Terra followed close behind him, deep in thought. He was bitter and xenophobic and a control freak. Something had to have happened in his past—possibly concerning a former owner? If only he wouldn’t clam up and get angry every time she tried to talk to him about it. Perhaps it was too soon for that.
Thankfully, Isengrim was correct about the floors of the Burrows. They were smooth stone, cleared of sharper rocks and dangerous debris by the passing of many paws. Around a bend, Terra stopped. In front of them stretched a yawning abyss, its two sides connected by a single bridge. There were no other paths. She felt her stomach plummet like it had already fallen over the edge.
Isengrim kept moving for a few steps before his ears twitched and he turned around. “Come on,” he said.
“I—isn’t there any other way?” she asked.
“We’re going this way,” he said, pointing to the bridge.
Terra took a deep breath. “I don’t do well with heights,” she admitted. “If we do have to cross this way—could you at least please carry me again? I really don’t trust my own footing on something like this. Please.” Despite all of Hyren’s combat lessons, she was innately a little on the clumsy side, and she and heights had especially never gotten along.

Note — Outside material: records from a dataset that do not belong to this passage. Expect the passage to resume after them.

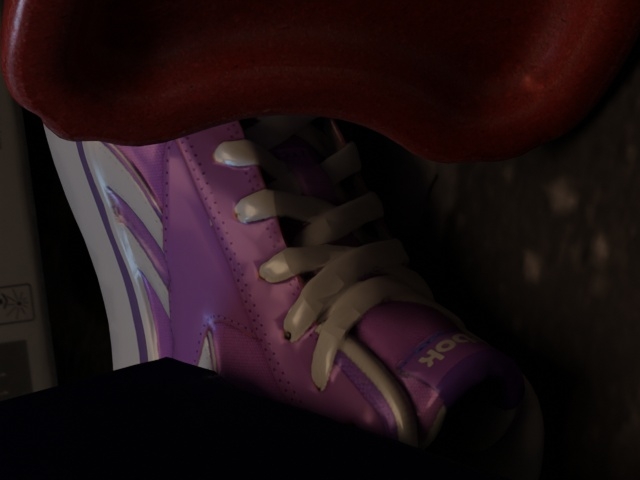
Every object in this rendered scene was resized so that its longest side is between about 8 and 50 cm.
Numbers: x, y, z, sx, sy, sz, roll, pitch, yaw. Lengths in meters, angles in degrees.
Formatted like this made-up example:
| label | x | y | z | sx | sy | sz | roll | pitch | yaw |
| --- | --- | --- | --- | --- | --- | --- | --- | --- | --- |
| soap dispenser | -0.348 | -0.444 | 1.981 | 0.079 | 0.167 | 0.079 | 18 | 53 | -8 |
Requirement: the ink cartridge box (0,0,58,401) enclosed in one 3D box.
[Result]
| label | x | y | z | sx | sy | sz | roll | pitch | yaw |
| --- | --- | --- | --- | --- | --- | --- | --- | --- | --- |
| ink cartridge box | -0.164 | 0.028 | 0.787 | 0.239 | 0.060 | 0.275 | 115 | 147 | -69 |

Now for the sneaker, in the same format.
| label | x | y | z | sx | sy | sz | roll | pitch | yaw |
| --- | --- | --- | --- | --- | --- | --- | --- | --- | --- |
| sneaker | 0.001 | 0.000 | 0.524 | 0.161 | 0.102 | 0.282 | -8 | 92 | 51 |

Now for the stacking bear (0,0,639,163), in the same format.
| label | x | y | z | sx | sy | sz | roll | pitch | yaw |
| --- | --- | --- | --- | --- | --- | --- | --- | --- | --- |
| stacking bear | -0.013 | -0.185 | 0.500 | 0.164 | 0.175 | 0.289 | 114 | 150 | -45 |

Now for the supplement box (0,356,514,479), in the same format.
| label | x | y | z | sx | sy | sz | roll | pitch | yaw |
| --- | --- | --- | --- | --- | --- | --- | --- | --- | --- |
| supplement box | -0.046 | 0.235 | 0.416 | 0.194 | 0.195 | 0.356 | 13 | 109 | 45 |
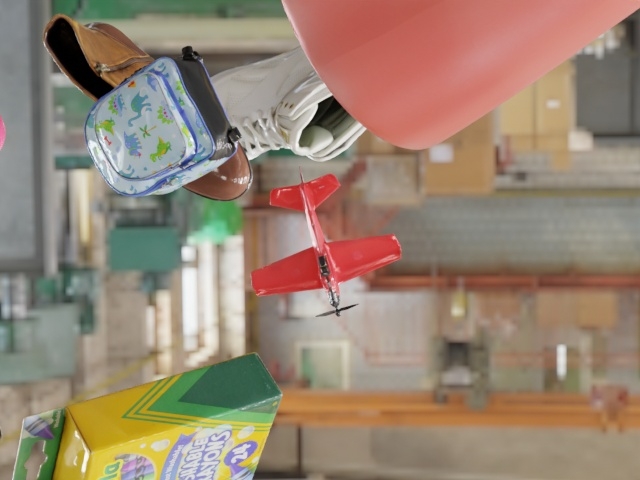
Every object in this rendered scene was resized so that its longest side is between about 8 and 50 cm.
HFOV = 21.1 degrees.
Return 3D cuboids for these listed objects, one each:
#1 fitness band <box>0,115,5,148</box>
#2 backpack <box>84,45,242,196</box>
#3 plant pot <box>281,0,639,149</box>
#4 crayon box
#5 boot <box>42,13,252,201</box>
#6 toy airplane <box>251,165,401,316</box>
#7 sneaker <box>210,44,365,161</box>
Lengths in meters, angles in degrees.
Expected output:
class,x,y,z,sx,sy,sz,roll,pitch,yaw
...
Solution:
class,x,y,z,sx,sy,sz,roll,pitch,yaw
fitness band,-0.508,-0.090,1.999,0.291,0.054,0.209,-22,-149,0
backpack,-0.144,-0.092,1.455,0.114,0.105,0.084,-30,173,29
plant pot,0.134,-0.242,1.426,0.243,0.275,0.275,-22,172,33
crayon box,-0.222,0.271,2.171,0.323,0.203,0.083,-14,-127,-29
boot,-0.175,-0.139,1.841,0.096,0.264,0.280,-37,-175,1
toy airplane,0.000,0.000,1.649,0.151,0.151,0.028,0,179,6
sneaker,-0.061,-0.139,2.001,0.293,0.108,0.169,-29,-154,11
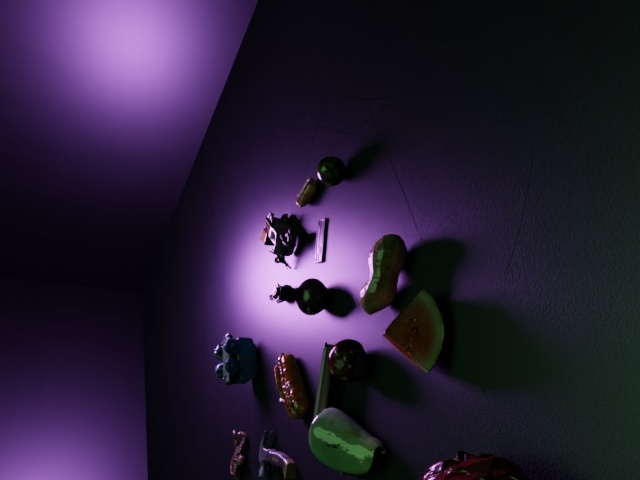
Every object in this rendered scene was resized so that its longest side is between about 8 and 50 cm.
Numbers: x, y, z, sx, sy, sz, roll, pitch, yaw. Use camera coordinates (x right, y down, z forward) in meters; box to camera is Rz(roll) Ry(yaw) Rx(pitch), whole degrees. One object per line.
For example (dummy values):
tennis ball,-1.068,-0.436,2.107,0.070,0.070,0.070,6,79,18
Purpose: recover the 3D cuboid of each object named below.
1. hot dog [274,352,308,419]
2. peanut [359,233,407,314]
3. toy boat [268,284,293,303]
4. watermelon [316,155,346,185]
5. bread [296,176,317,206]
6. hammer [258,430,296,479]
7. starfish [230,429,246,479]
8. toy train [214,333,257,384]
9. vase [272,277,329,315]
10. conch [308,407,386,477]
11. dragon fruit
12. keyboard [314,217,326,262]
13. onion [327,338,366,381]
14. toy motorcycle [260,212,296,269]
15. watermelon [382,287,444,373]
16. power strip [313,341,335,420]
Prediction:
hot dog,-0.106,0.480,1.783,0.104,0.076,0.250,-60,36,32
peanut,0.164,0.093,1.416,0.103,0.098,0.230,-14,-60,-76
toy boat,-0.136,0.192,1.954,0.141,0.055,0.060,-28,79,54
watermelon,0.037,-0.231,1.752,0.109,0.108,0.109,-29,56,54
bread,-0.049,-0.169,1.933,0.106,0.053,0.072,-58,12,28
hammer,-0.148,0.738,1.800,0.226,0.041,0.159,-11,72,60
starfish,-0.316,0.845,2.074,0.150,0.053,0.210,138,131,-65
toy train,-0.328,0.468,2.101,0.107,0.154,0.198,-39,49,45
vase,-0.066,0.174,1.703,0.120,0.182,0.120,-32,52,54
conch,0.066,0.553,1.431,0.250,0.137,0.144,26,77,41
dragon fruit,0.284,0.492,0.911,0.298,0.244,0.245,20,98,58
keyboard,0.000,0.000,1.824,0.053,0.010,0.155,-12,70,58
onion,0.071,0.332,1.478,0.118,0.118,0.117,-41,24,48
toy motorcycle,-0.152,-0.009,2.026,0.263,0.090,0.157,-130,48,-57
watermelon,0.219,0.221,1.284,0.145,0.136,0.193,74,-162,-73
power strip,0.012,0.438,1.586,0.092,0.034,0.268,44,-126,-80
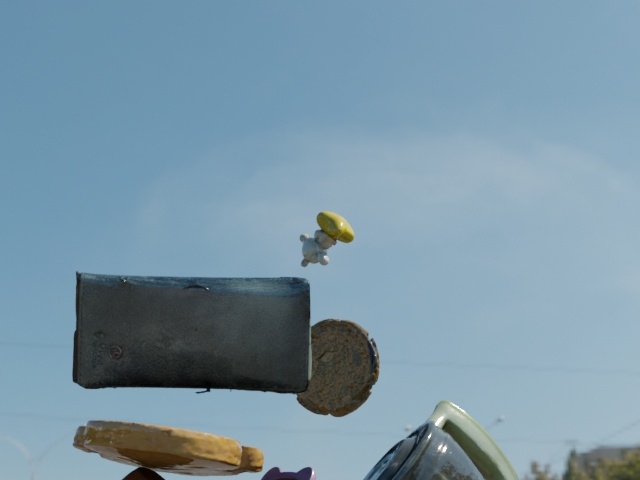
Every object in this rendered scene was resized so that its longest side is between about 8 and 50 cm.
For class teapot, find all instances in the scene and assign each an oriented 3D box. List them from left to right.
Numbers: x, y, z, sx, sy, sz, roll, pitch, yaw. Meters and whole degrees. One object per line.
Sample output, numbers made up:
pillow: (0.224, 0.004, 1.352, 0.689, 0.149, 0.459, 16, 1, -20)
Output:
teapot: (0.182, 0.433, 1.636, 0.239, 0.239, 0.321, -49, -2, 13)

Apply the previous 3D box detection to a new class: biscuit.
biscuit: (-0.215, 0.300, 1.446, 0.275, 0.052, 0.355, 8, -15, -5)
biscuit: (0.029, 0.275, 2.215, 0.226, 0.226, 0.042, -9, -25, 24)

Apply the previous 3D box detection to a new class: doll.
doll: (0.002, 0.002, 1.833, 0.071, 0.135, 0.113, 39, -63, -23)

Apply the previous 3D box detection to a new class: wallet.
wallet: (-0.202, 0.148, 1.639, 0.379, 0.191, 0.046, 1, 0, -7)

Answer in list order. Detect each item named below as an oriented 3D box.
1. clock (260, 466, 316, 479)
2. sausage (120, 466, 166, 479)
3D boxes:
clock: (-0.048, 0.371, 1.409, 0.050, 0.110, 0.152, 42, -29, -19)
sausage: (-0.309, 0.454, 1.408, 0.121, 0.304, 0.121, 42, -2, 1)
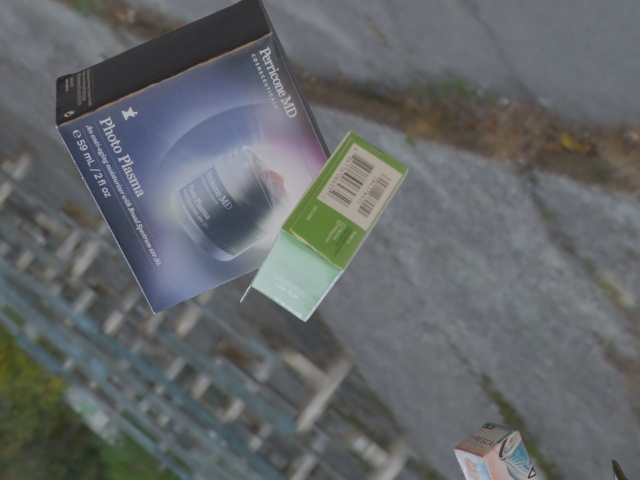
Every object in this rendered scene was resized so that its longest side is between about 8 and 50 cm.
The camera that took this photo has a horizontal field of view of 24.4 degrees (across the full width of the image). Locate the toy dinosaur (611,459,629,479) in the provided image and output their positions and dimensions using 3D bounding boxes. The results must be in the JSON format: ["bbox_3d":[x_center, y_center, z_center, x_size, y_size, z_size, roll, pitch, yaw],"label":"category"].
[{"bbox_3d":[0.410,0.328,1.446,0.313,0.160,0.121,55,-173,36],"label":"toy dinosaur"}]

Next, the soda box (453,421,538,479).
[{"bbox_3d":[0.226,0.309,1.750,0.058,0.063,0.183,8,127,56],"label":"soda box"}]

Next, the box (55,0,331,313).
[{"bbox_3d":[-0.148,-0.113,1.908,0.182,0.294,0.296,-112,-3,-63],"label":"box"}]

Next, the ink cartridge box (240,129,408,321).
[{"bbox_3d":[0.000,0.000,1.262,0.062,0.109,0.209,34,157,1],"label":"ink cartridge box"}]

Isengrim turned to look at her more fully, scrutinising her. He peered at her with narrowed eyes as though he was trying to read her mind. Finally, he scowled and his tail bushed. “No,” he said. “I do not bend to the whims of an owner. You will cross, now. Do not forget the bargain we made.”
“I won’t,” Terra said, swallowing hard and moving forward. As she approached the bridge, a pit formed in her stomach, and it wasn’t just because of the height. Isengrim distrusted her and refused to listen to her. This wasn’t the way a relationship between an owner and her Neopet should work at all. She just wished he could see that.
Gripping the rope suspended on both sides of the bridge, she forced herself to step forward. The bridge’s swaying was subtle, but Terra hated the feeling of unsteady footing above a drop that could reach all the way down to Moltara.
After a few steps, Isengrim stepped on behind her, causing even more violent swaying. “Faster,” he said. “I’m hungry.”
“I’m sorry,” Terra choked. She grimaced and tried to ignore the movement of the bridge as she quickened her pace. Her mind seemed to think that imagining falling over the edge was the correct thing to do in this situation, and she fought to shoo away the awful fear, trying to concentrate on just getting to the other side.
Finally she stepped onto solid ground and she stumbled a few steps, regaining her footing. Edging further away from the drop, she waited for her breathing to slow as Isengrim stepped off after her. He did not keep moving, but stood next to her silently.
After a moment, Terra looked up at him. He was staring at her again, but his usual demeanor seemed to have deflated somewhat. His ears and tail were lower, and the expression on his face seemed a lot like regret and guilt.
It lasted only a moment before he composed himself again. “Well—“ he said haltingly, ushering her forward. “Let’s—let’s go get breakfast, then.”
Terra considered saying something, but she wasn’t sure what would help. Perhaps it was best to let him alone with his thoughts for a bit.